East Bengal's official Facebook page has more than 4 lakh likes. That's a staggering statistic considering the poor turnouts in even their home matches of the I-League. Only three in Asia had more in the list of the top 100 clubs as released by futebolfinance.com last April.
All three - Persib Bandung (2 million+), Sriwijaya FC (6.4 lakh+), Persija Jakarta (3.9 lakh+) - are from Indonesia. East Bengal's page had more than 3.5 lakh back then. On Thursday, the number had swelled over 4.66 lakh.
East Bengal's page is handled by the company that bankrolls the football team. "Facebook has great potential to reach out to fans and attract new ones. That is why we regularly update our page and try to make it as interactive as possible," said a representative of the team that handles the page. Other pages related to Indian football also has sizeable membership. Twitter too has accounts of Indian clubs and others dedicated to domestic football. The numbers here are smaller possibly because Indians still use Twitter less.
How it started
Following domestic football through social media started in 2007 on Orkut when a community named 'Indian football fans' was formed to discuss everything and anything related to the sport in India.
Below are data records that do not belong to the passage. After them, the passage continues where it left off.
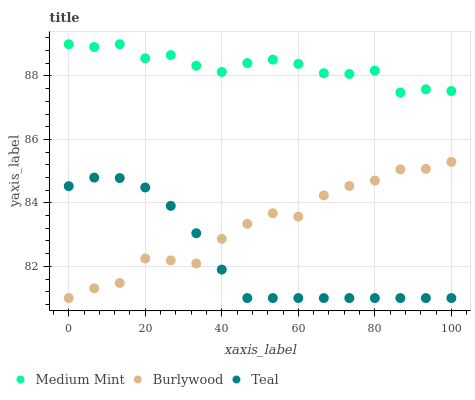Does Teal have the minimum area under the curve?
Answer yes or no. Yes. Does Medium Mint have the maximum area under the curve?
Answer yes or no. Yes. Does Burlywood have the minimum area under the curve?
Answer yes or no. No. Does Burlywood have the maximum area under the curve?
Answer yes or no. No. Is Teal the smoothest?
Answer yes or no. Yes. Is Burlywood the roughest?
Answer yes or no. Yes. Is Burlywood the smoothest?
Answer yes or no. No. Is Teal the roughest?
Answer yes or no. No. Does Burlywood have the lowest value?
Answer yes or no. Yes. Does Medium Mint have the highest value?
Answer yes or no. Yes. Does Burlywood have the highest value?
Answer yes or no. No. Is Burlywood less than Medium Mint?
Answer yes or no. Yes. Is Medium Mint greater than Burlywood?
Answer yes or no. Yes. Does Burlywood intersect Teal?
Answer yes or no. Yes. Is Burlywood less than Teal?
Answer yes or no. No. Is Burlywood greater than Teal?
Answer yes or no. No. Does Burlywood intersect Medium Mint?
Answer yes or no. No. 
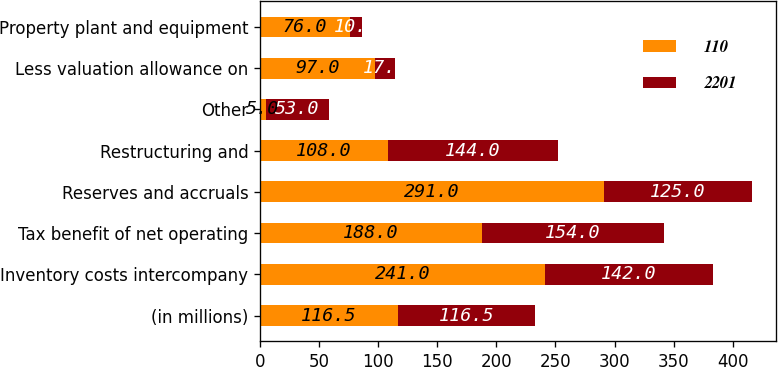Convert chart. <chart><loc_0><loc_0><loc_500><loc_500><stacked_bar_chart><ecel><fcel>(in millions)<fcel>Inventory costs intercompany<fcel>Tax benefit of net operating<fcel>Reserves and accruals<fcel>Restructuring and<fcel>Other<fcel>Less valuation allowance on<fcel>Property plant and equipment<nl><fcel>110<fcel>116.5<fcel>241<fcel>188<fcel>291<fcel>108<fcel>5<fcel>97<fcel>76<nl><fcel>2201<fcel>116.5<fcel>142<fcel>154<fcel>125<fcel>144<fcel>53<fcel>17<fcel>10<nl></chart>

Membership kept increasing and that laid the foundation for more such communities. As Indians shifted from Orkut to Facebook, the platform for following Indian football also changed but the passion only increased. Archrivals Mohun Bagan (14000 + likes) and some older clubs haven't gone the East Bengal way but newbies such as Pune FC (30000+), Shillong Lajong (10000+) and United Sikkim (3000+) are using social media very seriously.
The I-League and other domestic tournaments continue to struggle to get fans to the stadiums. On the social media, the opposite is true.